27 Nisan akşamı Londra'dan İstanbul'a uçuş, malum Baran evleniyor, evlenmekle kalmıyor, beni de şahit yapmış kerastas! Acayip bir heyecan fırtınası içinde gidiyorum Liman Lokantasına...Düğün ekibi inanılmaz...Bütün dostluk tayfası orada...Uzun süredir bu kadar adam biraraya gelmemiştir...Kimliğimi falan istiyor nikah memuru, adımı felan yazıyor biryerlere...Sonra hop masaya çağırıyolar..Hayatımda ilk defa şahitlik yapıyorum, heyecandan öleceğim..hatta ölücem...öleceğim çok hafif kaçtı.



Neyse nikah memuru (memuresi?) soruyor Esra'ya "bu herifle evleniyon mu", Esra çığlık atıyor "Eveeeeeeet" diye...Sonra Baran'a soruyor "bu hatunkişiyle evleniyon mu", Baran böğürüyor "Eveeğğöt" diye...Sonra bize soruyor "Siz de şahit olmayı kabul ediyo musunuz" diye...Ben de tutamıyorum kendimi "Eğveeeğğğğt" diye böğürüyorum ben de, yanımda oturup kibarca "ee...Ediyoruz" diyen Yaşam çok bozuluyor bu senkronizasyon bozukluğuna...Ama işin esası, ben evlenmiş kadar oluyorum, zaten evleneceğim yoktu en azından bunu yaşadım diyorum kendi kendime..Gürkan bana "Şeyh Şahit" diye isim takıyor...


Sonrasında bütün gece en saçma şekillerde dansediyorum, "Yiit ex atmış" diye bir laf çıkarana kadar...Ne mutluluksa..Bir düğünde en çok olmasını istediğim şey gerçekleşiyor ve "Koko Cambo" çalıyor DJ..."Ya ya ya koko cambo ya ya yee eyooow!" derken gece mantıcıda bitiyor...Mutlu mesut uyuyorum..Ertesi gün Dubai'ye dönüş...Havaalanına Müge bırakıyor, dışarıda vedalaşınca daha az üzücü olduğuna karar verip ayrılıyoruz...



Gerçekleşmeyen Değişiklikler
"Herkesin işi çok şahane, benimki çok iğrenç, herkes onyüzbinmilyon dolar kazanıyo ben hiç kazanamıyorum" diye cinnet geçirip iş aramaya başlamıştım...Oracle ve Microsoft'la görüştüm...Görünen o ki en iyi iş benim işimmiş, en çok da ben kazanıyomuşum Allah'a şükür...Değiştirmiyorum iş miş...




Öperim.

4 Comments:

  • "en sevdiğim gruptur Manchester doğumlu"
    inşallah bir gün "pop saatini" sunarsın.

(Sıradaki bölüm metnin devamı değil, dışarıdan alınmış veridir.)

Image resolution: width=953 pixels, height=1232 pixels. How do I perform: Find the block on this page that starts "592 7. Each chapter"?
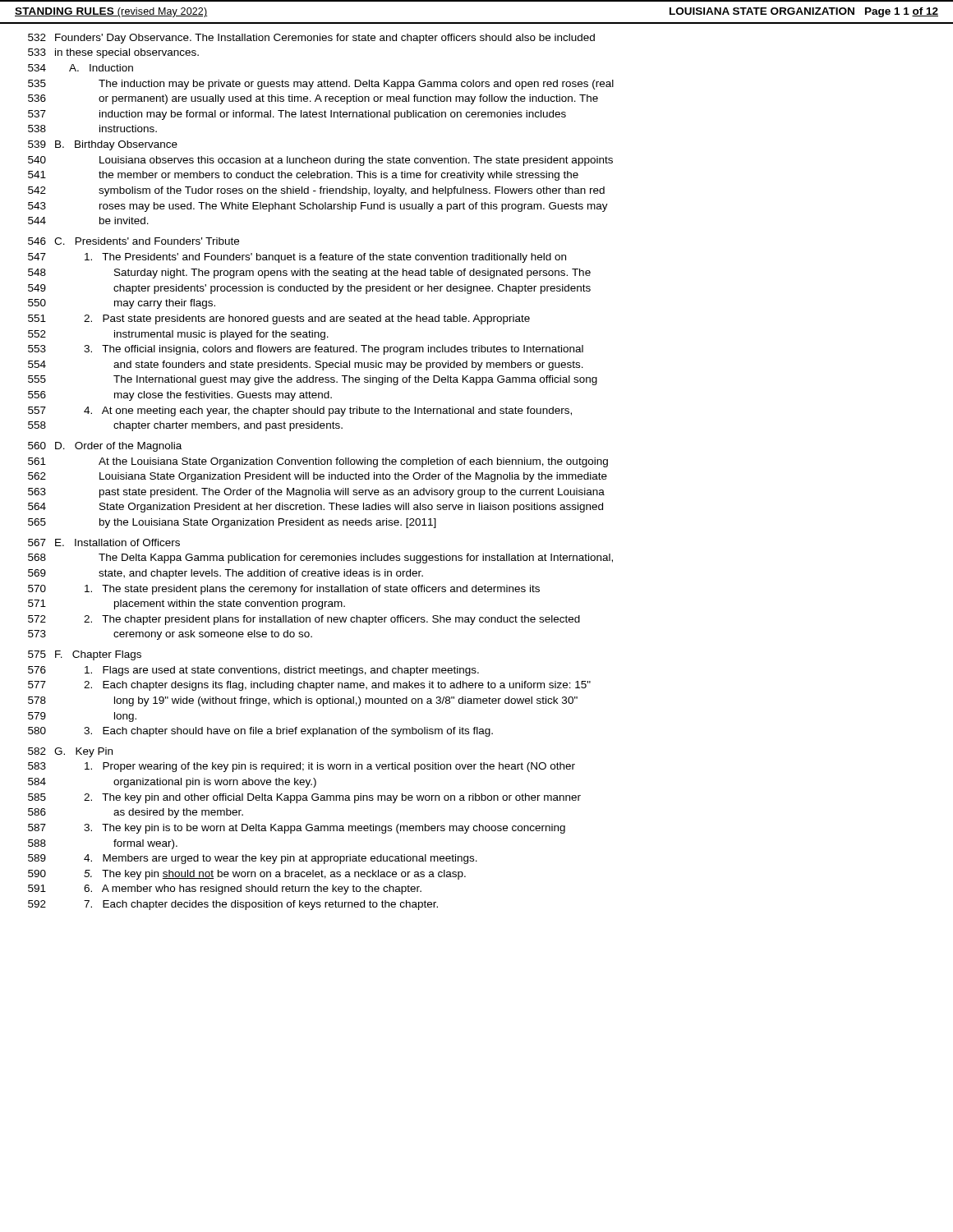(233, 905)

    By Anonymous Anonymous, at 2:13 PM  

  • özlemişim olm seni...

    By Blogger Ozan Sezgin, at 3:42 PM  

  • eh be birader neler yazmışsın böyle google da kolomb araştırırken blogunda geçen kolomb kelimesiyle girdim içeri. girmez olaydım mı, girdim de iyi oldu arasında gidip gelirken baktım sonuna kadar okumuşum.

    ne diyeyim diline eline sağlık...
    kim miyim? yine yazdıkların içinde geçen bir cümle ile cevap vereyim :)))
    "bkz. Bütün insanlığın kendini izlediğini zanneden blogcu"
    bütün insanlığın içinden biriyim

    herşey gönlünce olsun.
    mafitonline@yahoo.co.uk

    By Anonymous Anonymous, at 8:22 PM  

  • Ya bu para mevzusu çok su götürür, ben de her sene 2 defa olmak üzere aynı "Herkeşler 5 milyor alıyor ben yeni mezun maaşına çalışıyorum" triplerine girip bi kaç bankayla görüşüyor ve daimi mekanıma, ofisime ve sevgili müdürlerime:) geri dönüyorum.

    Bu analist piyasası öyle lanet bişiy ki çok para verenler çok mesai yaptırıyo, diğer yerler de para vermiyo ve de kendimi "Para herşey diill" diye avutuyorum.